Reverberation and Absorption

When a sound source in a room stops, the sound energy drops (decays) at a measurable rate that is dependant on the amount of sound absorbing material in the room. The reverberation time (RT), widely used as a design parameter in architectural acoustics, is the time that sound would take to decay through 60 dB so that RT = 60/decay rate. Excessively reverberant rooms are usually noisy and speech communication may be interfered with. The reverberant sound level and the RT in the room can be reduced through the installation of appropriate sound absorbing materials.

The ability of a material to absorb sound is expressed in terms of a sound absorption coefficient. It can also be expressed as a percentage. The coefficient varies with sound frequency and the angle of incidence of the sound waves, These coefficients are normally determined for one-third octave bands under standard conditions.

The noise reduction coefficient (NRC) is the average of the sound absorption coefficients at 250, 500, 1000 and 2000 Hz. It is useful for roughly comparing materials.

Sound Transmission Loss

It is very important to distinguish between sound absorption and sound transmission loss. Sound absorbing materials control sound within spaces and function by allowing sound to pass through them relatively easily. They are generally porous and absorb sound as a result of many interactions. Conversely, a material or system that provides a good sound transmission loss is usually non-porous and a good reflector of sound, although double-layer partitions often contain sound absorbing materials to reduce the reflection of sound inside the partition.

When sound waves strike a partition, the pressure variations cause the partition to vibrate. A portion of the vibration energy on the sound source side will be transferred through the partition where it is re-radiated as airborne sound on the other side.

The ratio of the sound power incident on one side of a partition (or floor system) to that radiated from the other side is used to calculate the sound transmission loss in dB. The transmission loss (TL) usually increases with the frequency of the incident sound. Although it also varies with the direction of the sound waves, it is usually assumed to be the average for all possible angles of incidence.

Laboratory measurements of the TL of an assembly are made in one-third octave bands from 125 to 4000 Hz.
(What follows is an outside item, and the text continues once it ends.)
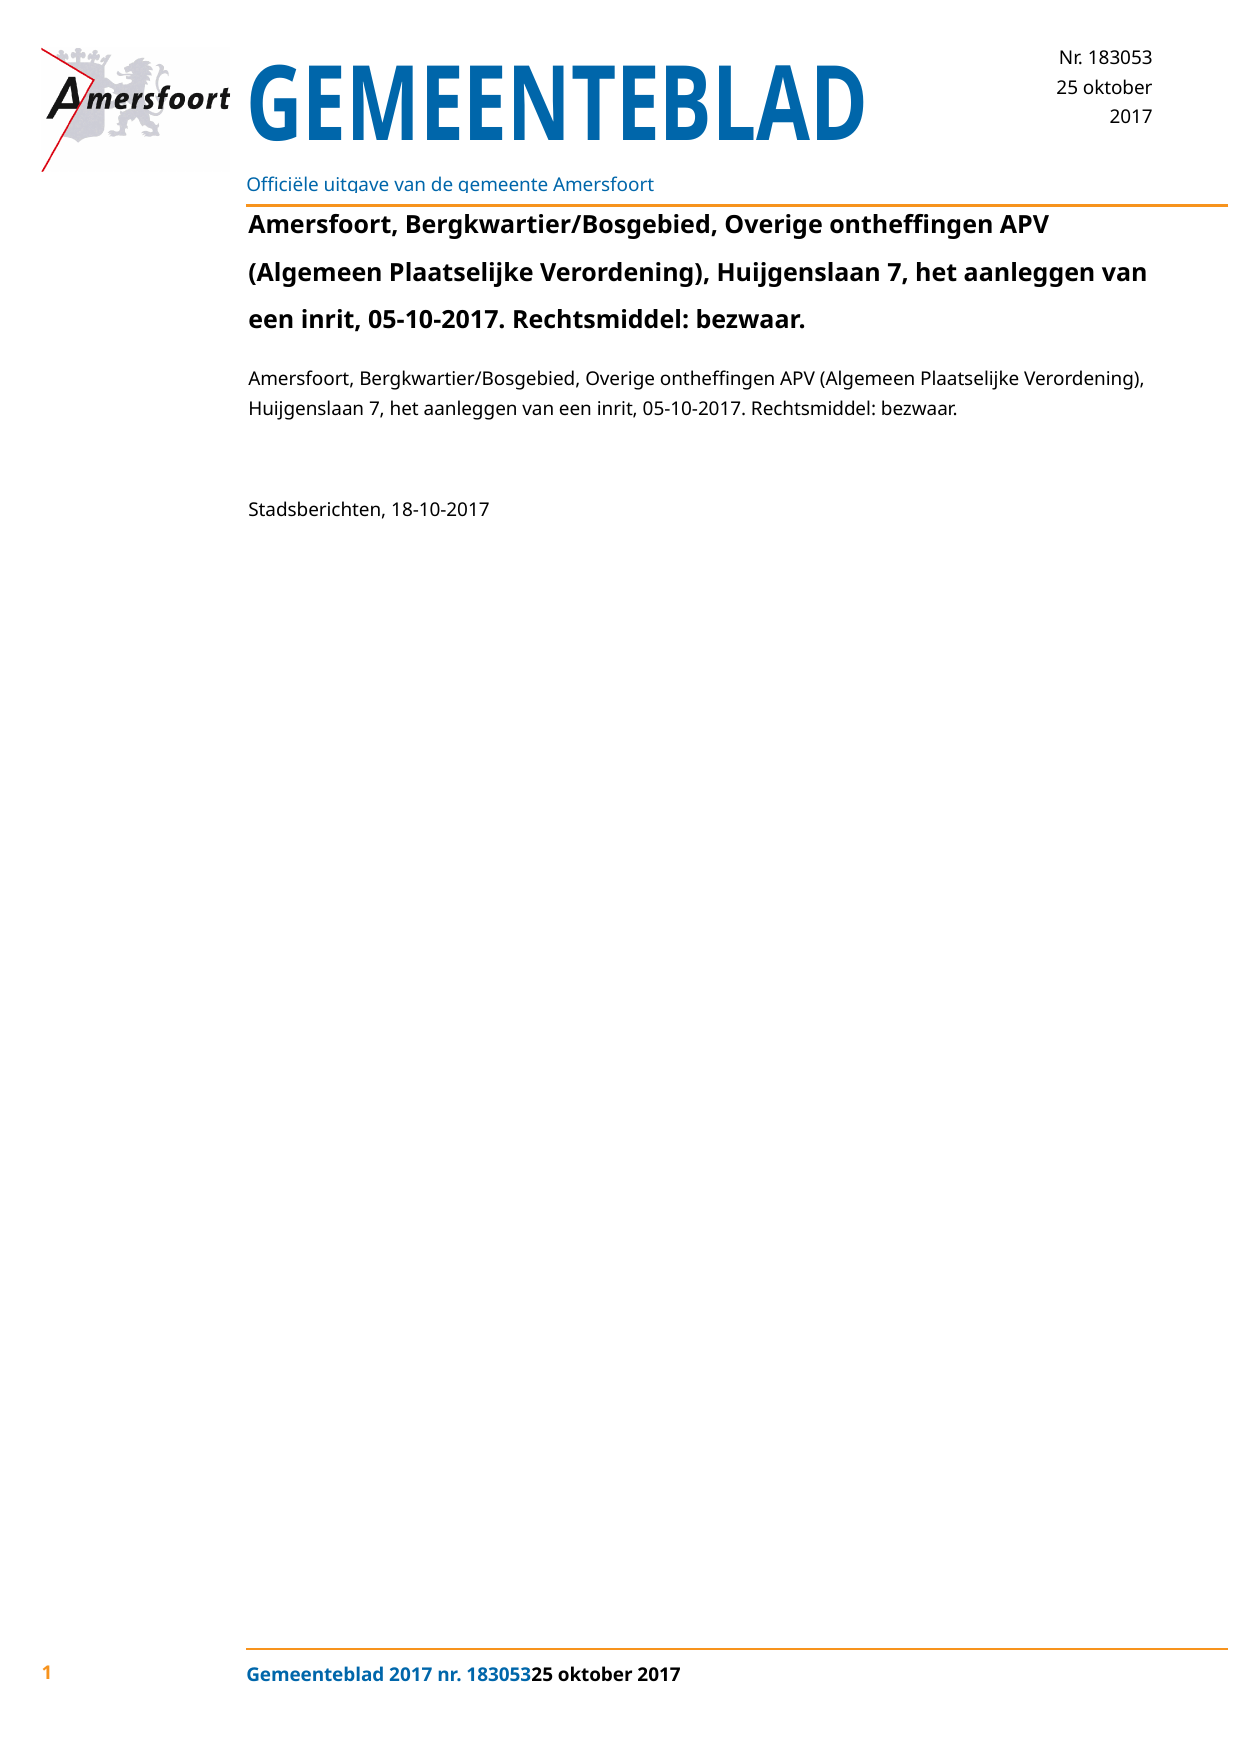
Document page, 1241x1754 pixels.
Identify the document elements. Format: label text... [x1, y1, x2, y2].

It is convenient, however, to have a single number to compare building assemblies. The designation most commonly used in North America is the sound transmission class (STC). It is determined by comparing the measured TL curve of an assembly to reference STC contours. Only a limited portion of the TL curve is permitted to fall below the STC contour. The larger the STC value, the better the partition.

The transmission of sound between rooms involves not only the direct path through the separating assembly, but the flanking paths around the assembly as well. Holes, fissures and similar defects provide a path for sound travel that can increase the sound transmission between rooms. On-site tests, however, can be made between rooms to measure the effective sound transmission loss, including the effect of flanking paths and construction defects. The single number rating derived is the field sound transmission class (FSTC).
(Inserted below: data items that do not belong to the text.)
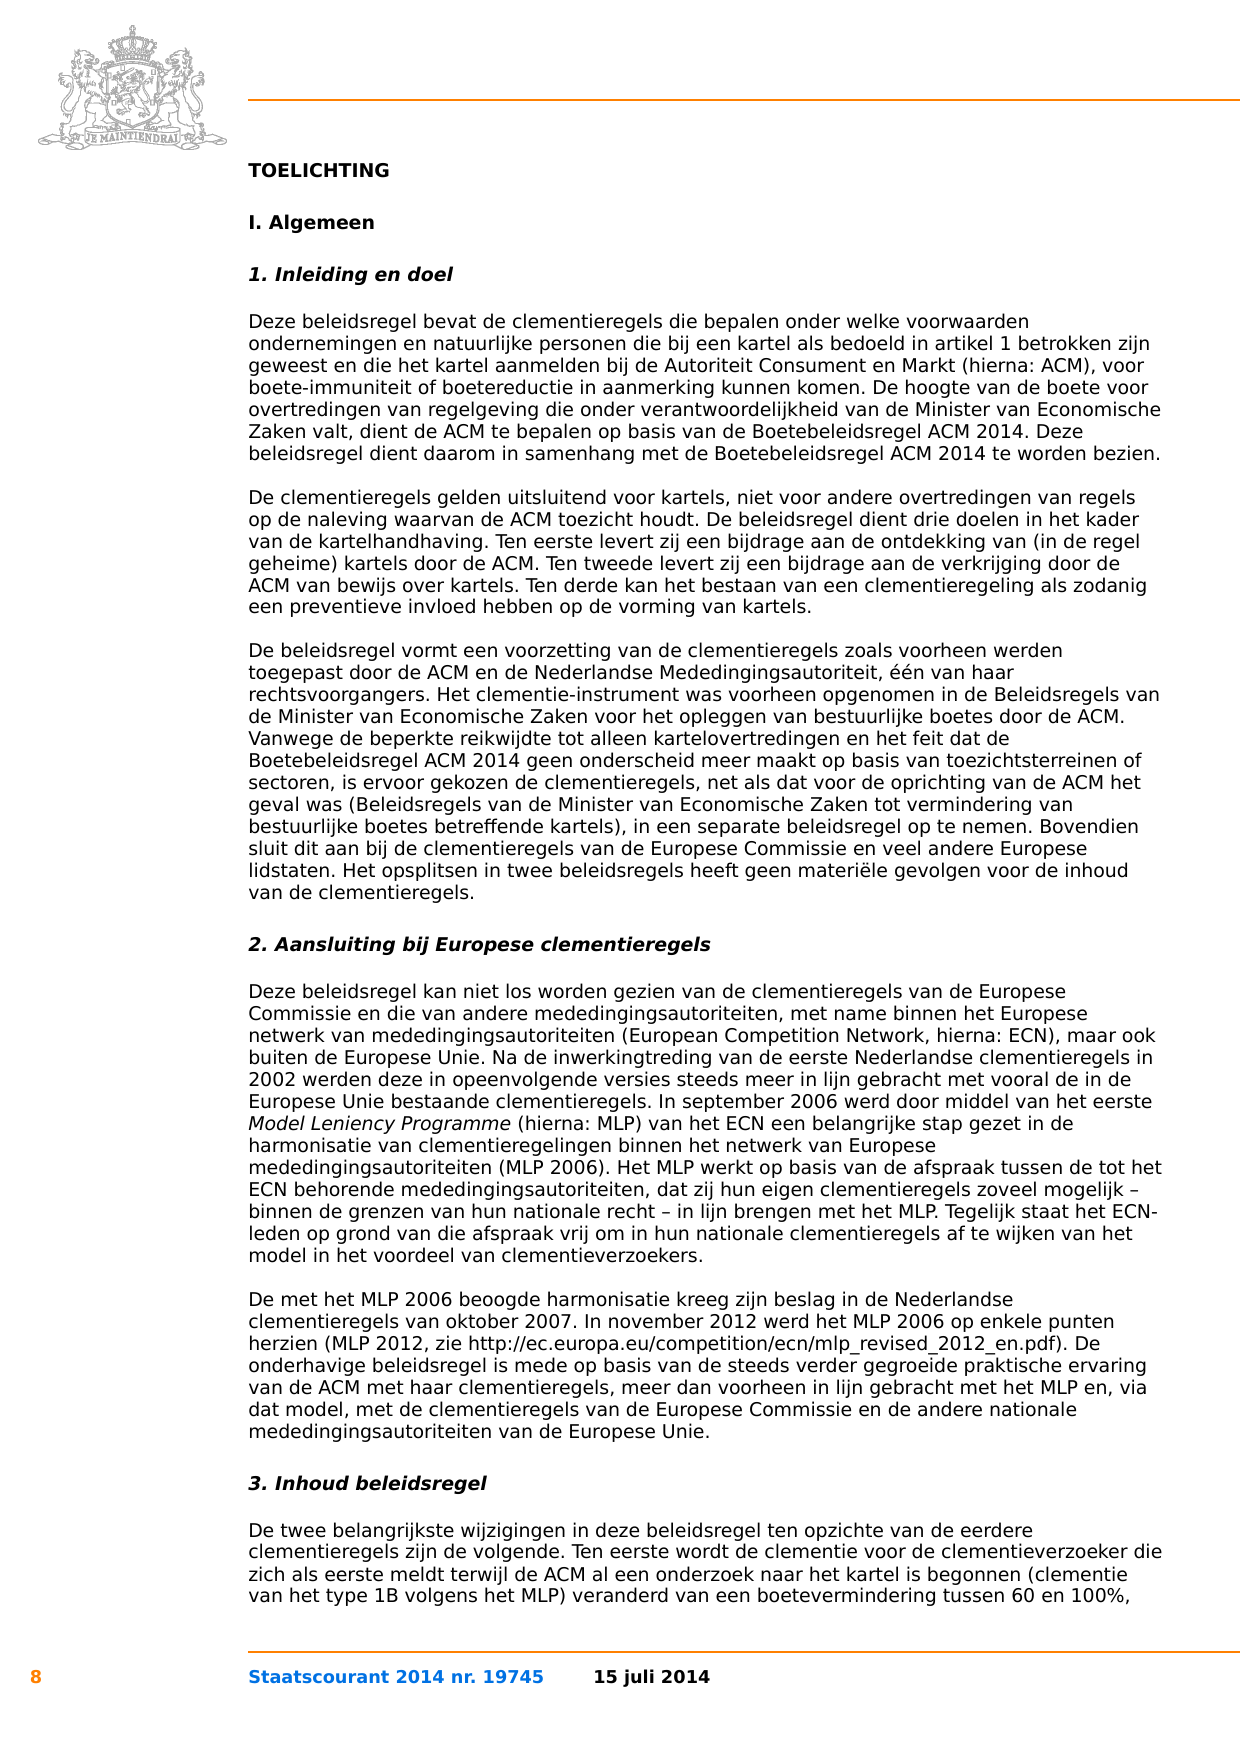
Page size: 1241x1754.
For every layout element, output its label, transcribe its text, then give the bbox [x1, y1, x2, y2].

text De clementieregels gelden uitsluitend voor kartels, niet voor andere overtredingen van regels op de naleving waarvan de ACM toezicht houdt. De beleidsregel dient drie doelen in het kader van de kartelhandhaving. Ten eerste levert zij een bijdrage aan de ontdekking van (in de regel geheime) kartels door de ACM. Ten tweede levert zij een bijdrage aan de verkrijging door de ACM van bewijs over kartels. Ten derde kan het bestaan van een clementieregeling als zodanig een preventieve invloed hebben op de vorming van kartels. [248, 487, 1163, 618]
text Deze beleidsregel kan niet los worden gezien van de clementieregels van de Europese Commissie en die van andere mededingingsautoriteiten, met name binnen het Europese netwerk van mededingingsautoriteiten (European Competition Network, hierna: ECN), maar ook buiten de Europese Unie. Na de inwerkingtreding van de eerste Nederlandse clementieregels in 2002 werden deze in opeenvolgende versies steeds meer in lijn gebracht met vooral de in de Europese Unie bestaande clementieregels. In september 2006 werd door middel van het eerste Model Leniency Programme (hierna: MLP) van het ECN een belangrijke stap gezet in de harmonisatie van clementieregelingen binnen het netwerk van Europese mededingingsautoriteiten (MLP 2006). Het MLP werkt op basis van de afspraak tussen de tot het ECN behorende mededingingsautoriteiten, dat zij hun eigen clementieregels zoveel mogelijk – binnen de grenzen van hun nationale recht – in lijn brengen met het MLP. Tegelijk staat het ECN-leden op grond van die afspraak vrij om in hun nationale clementieregels af te wijken van het model in het voordeel van clementieverzoekers. [248, 981, 1163, 1267]
subtitle 3. Inhoud beleidsregel [248, 1472, 1163, 1494]
subtitle I. Algemeen [248, 212, 1163, 234]
subtitle TOELICHTING [248, 160, 1163, 182]
picture [38, 25, 227, 150]
text Deze beleidsregel bevat de clementieregels die bepalen onder welke voorwaarden ondernemingen en natuurlijke personen die bij een kartel als bedoeld in artikel 1 betrokken zijn geweest en die het kartel aanmelden bij de Autoriteit Consument en Markt (hierna: ACM), voor boete-immuniteit of boetereductie in aanmerking kunnen komen. De hoogte van de boete voor overtredingen van regelgeving die onder verantwoordelijkheid van de Minister van Economische Zaken valt, dient de ACM te bepalen op basis van de Boetebeleidsregel ACM 2014. Deze beleidsregel dient daarom in samenhang met de Boetebeleidsregel ACM 2014 te worden bezien. [248, 311, 1163, 465]
text De met het MLP 2006 beoogde harmonisatie kreeg zijn beslag in de Nederlandse clementieregels van oktober 2007. In november 2012 werd het MLP 2006 op enkele punten herzien (MLP 2012, zie http://ec.europa.eu/competition/ecn/mlp_revised_2012_en.pdf). De onderhavige beleidsregel is mede op basis van de steeds verder gegroeide praktische ervaring van de ACM met haar clementieregels, meer dan voorheen in lijn gebracht met het MLP en, via dat model, met de clementieregels van de Europese Commissie en de andere nationale mededingingsautoriteiten van de Europese Unie. [248, 1289, 1163, 1442]
subtitle 2. Aansluiting bij Europese clementieregels [248, 934, 1163, 956]
subtitle 1. Inleiding en doel [248, 264, 1163, 286]
text De beleidsregel vormt een voorzetting van de clementieregels zoals voorheen werden toegepast door de ACM en de Nederlandse Mededingingsautoriteit, één van haar rechtsvoorgangers. Het clementie-instrument was voorheen opgenomen in de Beleidsregels van de Minister van Economische Zaken voor het opleggen van bestuurlijke boetes door de ACM. Vanwege de beperkte reikwijdte tot alleen kartelovertredingen en het feit dat de Boetebeleidsregel ACM 2014 geen onderscheid meer maakt op basis van toezichtsterreinen of sectoren, is ervoor gekozen de clementieregels, net als dat voor de oprichting van de ACM het geval was (Beleidsregels van de Minister van Economische Zaken tot vermindering van bestuurlijke boetes betreffende kartels), in een separate beleidsregel op te nemen. Bovendien sluit dit aan bij de clementieregels van de Europese Commissie en veel andere Europese lidstaten. Het opsplitsen in twee beleidsregels heeft geen materiële gevolgen voor de inhoud van de clementieregels. [248, 640, 1163, 904]
text De twee belangrijkste wijzigingen in deze beleidsregel ten opzichte van de eerdere clementieregels zijn de volgende. Ten eerste wordt de clementie voor de clementieverzoeker die zich als eerste meldt terwijl de ACM al een onderzoek naar het kartel is begonnen (clementie van het type 1B volgens het MLP) veranderd van een boetevermindering tussen 60 en 100%, [248, 1519, 1163, 1607]

A shorter test procedure has also been developed to give a single number rating from simple measurements. It gives a normalized A-weighted level difference between two rooms which is typically within one or two points of the FSTC values and can be very useful for quality control in building construction.

Impact Noise

Impact noise is created when a solid object comes in abrupt contact with the structure (e.g., footsteps). This generates vibrations directly in the structure and these structure-borne sound waves travel through the building to be radiated elsewhere as airborne sound. A test has been developed to measure impact sound transmission through floor-ceiling assemblies using a standardized tapping device as the impact noise source. Sound pressure levels are measured in the room below the test assembly in one-third octave bands from 100 to 3150 Hz. The impact insulation class (IIC) is determined by comparing the measured sound pressure levels to reference curves. The higher the IIC value, the better the floor system. A field test to measure impact transmission is also available.

The single number ratings given above are the criteria most frequently used to specify the acoustical performance of building elements or materials. The particular criteria chosen will depend to some extent on the end use. This subject will be dealt with in a future publication.
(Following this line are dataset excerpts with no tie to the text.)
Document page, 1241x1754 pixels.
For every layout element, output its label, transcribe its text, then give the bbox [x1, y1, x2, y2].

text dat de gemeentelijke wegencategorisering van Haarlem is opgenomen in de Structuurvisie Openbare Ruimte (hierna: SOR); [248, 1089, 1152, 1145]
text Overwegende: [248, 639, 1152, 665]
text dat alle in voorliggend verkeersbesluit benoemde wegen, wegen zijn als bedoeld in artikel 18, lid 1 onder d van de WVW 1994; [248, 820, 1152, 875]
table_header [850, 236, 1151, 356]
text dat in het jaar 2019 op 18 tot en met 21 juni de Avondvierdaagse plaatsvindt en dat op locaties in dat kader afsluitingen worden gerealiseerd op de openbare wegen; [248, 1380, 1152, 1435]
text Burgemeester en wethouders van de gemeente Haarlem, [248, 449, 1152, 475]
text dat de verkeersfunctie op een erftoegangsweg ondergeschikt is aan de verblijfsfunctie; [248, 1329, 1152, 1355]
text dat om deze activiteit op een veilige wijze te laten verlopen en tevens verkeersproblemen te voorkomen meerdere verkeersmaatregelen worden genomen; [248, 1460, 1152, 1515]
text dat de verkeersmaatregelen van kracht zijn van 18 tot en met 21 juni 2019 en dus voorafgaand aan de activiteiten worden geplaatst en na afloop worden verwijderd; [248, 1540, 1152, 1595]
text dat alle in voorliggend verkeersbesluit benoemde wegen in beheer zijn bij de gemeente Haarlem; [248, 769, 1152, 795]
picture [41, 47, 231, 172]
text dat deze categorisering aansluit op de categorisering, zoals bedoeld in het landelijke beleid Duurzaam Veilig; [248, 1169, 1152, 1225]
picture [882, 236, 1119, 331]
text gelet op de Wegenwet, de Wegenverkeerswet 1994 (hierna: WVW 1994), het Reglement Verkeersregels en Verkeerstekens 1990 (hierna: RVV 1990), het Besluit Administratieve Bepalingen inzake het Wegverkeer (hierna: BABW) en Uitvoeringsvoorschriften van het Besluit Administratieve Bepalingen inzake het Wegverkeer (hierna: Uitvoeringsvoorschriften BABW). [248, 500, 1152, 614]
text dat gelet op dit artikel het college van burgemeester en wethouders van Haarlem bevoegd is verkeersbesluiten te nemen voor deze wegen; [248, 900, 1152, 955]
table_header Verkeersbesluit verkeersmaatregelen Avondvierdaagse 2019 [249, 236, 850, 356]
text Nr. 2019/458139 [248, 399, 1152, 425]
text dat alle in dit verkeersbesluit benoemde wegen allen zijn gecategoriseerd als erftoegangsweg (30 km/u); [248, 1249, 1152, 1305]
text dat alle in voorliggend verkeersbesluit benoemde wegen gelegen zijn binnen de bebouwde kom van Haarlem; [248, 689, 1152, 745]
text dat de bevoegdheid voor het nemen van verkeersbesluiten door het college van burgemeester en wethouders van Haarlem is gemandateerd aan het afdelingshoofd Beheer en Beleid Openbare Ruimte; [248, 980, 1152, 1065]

Fundamental Noise Control Procedures

Three important techniques are used in almost all noise control situations. Figure 1 shows a source placed on a resilient support inside an enclosure with high sound transmission losses and lined with sound absorbing material. If the resilient supports are omitted, the vibrational energy from the machine would pass into the building structure with very little attenuation to radiate as sound elsewhere. If the solid enclosure were not there, the sound would pass through the sound absorbing material with very little attenuation. If the sound absorbing material were omitted, the reverberant sound inside the enclosure would build up and the energy loss through the enclosure would be much less than expected. All three elements should be present.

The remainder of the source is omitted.